In literature, sometimes depending upon what you read will make you think about what is good literature and what is bad literature. My definition of 'good literature' is literature that helps you learn and understand as to what happened and why did it happen.
'Remarks Concerning the Savages of North America' by Benjamin Franklin (pp. 462-466) is good literature, Benjamin talks about how the Native Americans are just the civilized as others. On page 462, Franklin states 'Savages we call them, because their manners differ from ours, which we think the perfection of civility; they think the same of theirs.' In this sentence, he is implying that the Natives think that what they are doing are civilized just like what we think that what we're doing is civilized.

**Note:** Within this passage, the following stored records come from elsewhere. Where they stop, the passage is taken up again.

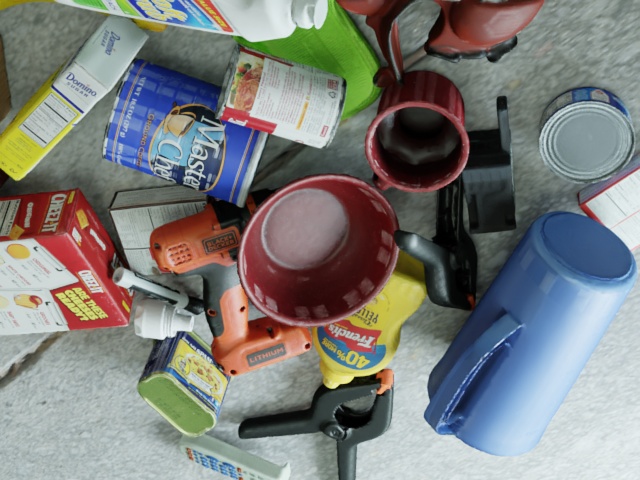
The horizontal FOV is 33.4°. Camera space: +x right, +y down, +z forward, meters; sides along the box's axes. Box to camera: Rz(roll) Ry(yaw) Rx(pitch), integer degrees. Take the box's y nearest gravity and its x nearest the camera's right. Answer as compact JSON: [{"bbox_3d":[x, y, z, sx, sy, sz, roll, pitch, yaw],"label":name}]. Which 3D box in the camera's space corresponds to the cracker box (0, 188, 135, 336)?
[{"bbox_3d":[-0.325,0.028,1.131,0.214,0.072,0.164,-6,141,13],"label":"cracker box"}]

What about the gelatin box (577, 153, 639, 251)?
[{"bbox_3d":[0.303,-0.038,1.017,0.073,0.030,0.089,43,121,-17],"label":"gelatin box"}]

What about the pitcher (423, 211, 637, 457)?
[{"bbox_3d":[0.201,0.095,1.044,0.145,0.149,0.243,18,129,-5],"label":"pitcher"}]

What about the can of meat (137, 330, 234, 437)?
[{"bbox_3d":[-0.152,0.159,1.202,0.058,0.084,0.102,-34,113,28],"label":"can of meat"}]

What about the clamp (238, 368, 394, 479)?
[{"bbox_3d":[0.010,0.210,1.236,0.164,0.036,0.210,27,128,-9],"label":"clamp"}]

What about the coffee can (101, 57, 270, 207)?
[{"bbox_3d":[-0.122,-0.101,1.006,0.140,0.102,0.103,19,125,-3],"label":"coffee can"}]

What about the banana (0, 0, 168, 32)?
[{"bbox_3d":[-0.238,-0.226,0.985,0.198,0.037,0.069,2,140,10],"label":"banana"}]

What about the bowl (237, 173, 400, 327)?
[{"bbox_3d":[-0.007,0.001,1.026,0.162,0.055,0.162,-7,118,-14],"label":"bowl"}]

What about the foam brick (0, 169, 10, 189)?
[{"bbox_3d":[-0.367,-0.076,1.099,0.078,0.051,0.053,-7,122,15],"label":"foam brick"}]

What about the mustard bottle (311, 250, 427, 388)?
[{"bbox_3d":[0.042,0.088,1.132,0.096,0.058,0.192,29,126,7],"label":"mustard bottle"}]

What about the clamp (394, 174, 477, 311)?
[{"bbox_3d":[0.127,0.001,1.051,0.039,0.120,0.171,18,154,33],"label":"clamp"}]

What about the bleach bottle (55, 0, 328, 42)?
[{"bbox_3d":[-0.115,-0.217,0.874,0.251,0.068,0.102,16,158,17],"label":"bleach bottle"}]

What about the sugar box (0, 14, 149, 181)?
[{"bbox_3d":[-0.237,-0.133,0.992,0.048,0.093,0.177,39,133,-16],"label":"sugar box"}]

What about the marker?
[{"bbox_3d":[-0.169,0.057,1.145,0.020,0.020,0.121,-34,139,28],"label":"marker"}]

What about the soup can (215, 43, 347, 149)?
[{"bbox_3d":[-0.035,-0.126,0.940,0.102,0.068,0.069,15,126,-11],"label":"soup can"}]

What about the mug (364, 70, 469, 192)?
[{"bbox_3d":[0.085,-0.095,0.985,0.093,0.081,0.117,28,124,-10],"label":"mug"}]

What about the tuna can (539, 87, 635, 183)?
[{"bbox_3d":[0.245,-0.097,0.984,0.086,0.033,0.086,5,125,7],"label":"tuna can"}]

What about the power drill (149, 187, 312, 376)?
[{"bbox_3d":[-0.065,0.038,1.094,0.184,0.057,0.187,-18,120,-5],"label":"power drill"}]

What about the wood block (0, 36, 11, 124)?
[{"bbox_3d":[-0.368,-0.114,0.979,0.090,0.206,0.091,6,124,5],"label":"wood block"}]

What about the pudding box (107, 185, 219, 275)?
[{"bbox_3d":[-0.154,-0.010,1.114,0.113,0.039,0.090,-6,122,11],"label":"pudding box"}]

In Thomas Paine 'Common Sense' text, he's backing up his arguments with details that readers can feel and make connections to. He states 'I have heard it asserted by some, that as America has flourished under her former connection with Great Britain, the same connection is necessary towards her happiness, and will always have the same effect' (pp. 684). Paine believes that America should get independence from Great Britain because of the government. He says 'Europe is too thickly planted with kingdoms to be long at peace, and whenever a war breaks out between England and any foreign power, the trade of America goes to ruin, because of her connection with Britain.' Just by America being dependent upon Great Britain, things will not go right for her. This text is good literature because the audience will understand as to why he wrote this.
I would consider Edgar Allen Poe 'The Tell-Tale Heart' on page 666 as bad literature because you cannot learn or get any information from it. In the text, Poe wrote about how a man was freaked out by an old man's eye. One night, he decided to kill the man and once the police showed up he started going insane. I don't see how this is good literature because it doesn't teach you anything. It's just a short story for entertainment.
Hawthorne's 'The May-Pole of Merry Mount' is bad literature. He labeled the Puritans as bad people when actually they are the people who believe that God is the reason why they should change their ways. On page 362, he describes them by saying 'But a band of Puritans, who watched the scene, invisible themselves, compared the masques to those devils and ruined souls, with whom their superstition people the black wilderness.' With the Puritans being characterized as bad people, there isn't anything you can learn from this.
The reading 'Narrative of the Life of Frederick Douglass, An American Slave' (pp. 1159-1228) is very good literature. Through the years of early America, slavery was a huge thing. In this autobiography, there is information that you can learn about his life as a slave. I say this is good literature because as I read, I could feel and visualize what he wrote.